As Moral Clarity: Through exaggeration, they restore our sense of what normal should look like. When a fictional doctor proposes escape rooms as mental health assessments, it makes us realize how many real policies are almost equally arbitrary and cruel.
Reading these pieces together, I'm struck by a central theme: the gap between what institutions claim to do and what they actually do. Newsrooms claim to seek truth but actually seek to avoid controversy. Immigration policy claims to provide security but actually provides political theater. Mental health screening claims to provide safety but actually provides discrimination.
Silverman has become a chronicler of institutional bad faith, using humor to make the unbearable bearable while never letting us forget that it shouldn't be bearable at all. Her satirical journalism doesn't just entertain—it performs the truth-telling function that regular journalism has abdicated.

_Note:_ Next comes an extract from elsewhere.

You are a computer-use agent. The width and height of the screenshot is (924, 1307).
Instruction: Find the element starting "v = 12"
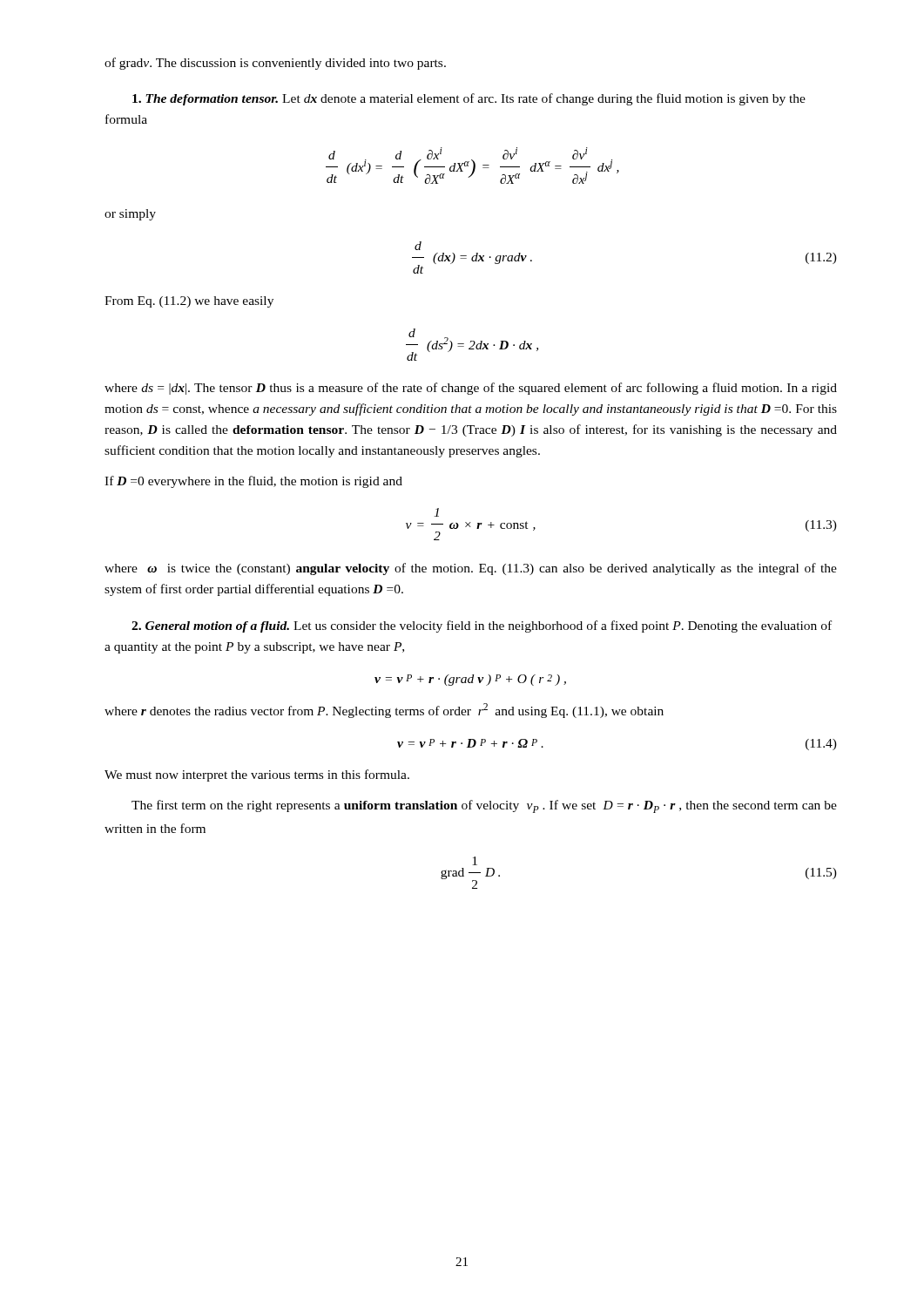click(x=436, y=512)

These pieces exist because we live in a time when reality has become so dysfunctional that only satire can adequately describe it. When actual newsroom memos might as well be parody, when actual policies sound like dystopian fiction, someone needs to hold up a funhouse mirror to show us what we've become.
Alison Silverman has appointed herself that mirror holder. And thank god someone did.
The question her work leaves me with isn't "How did we get here?" but "What are we going to do now that we can see ourselves clearly?"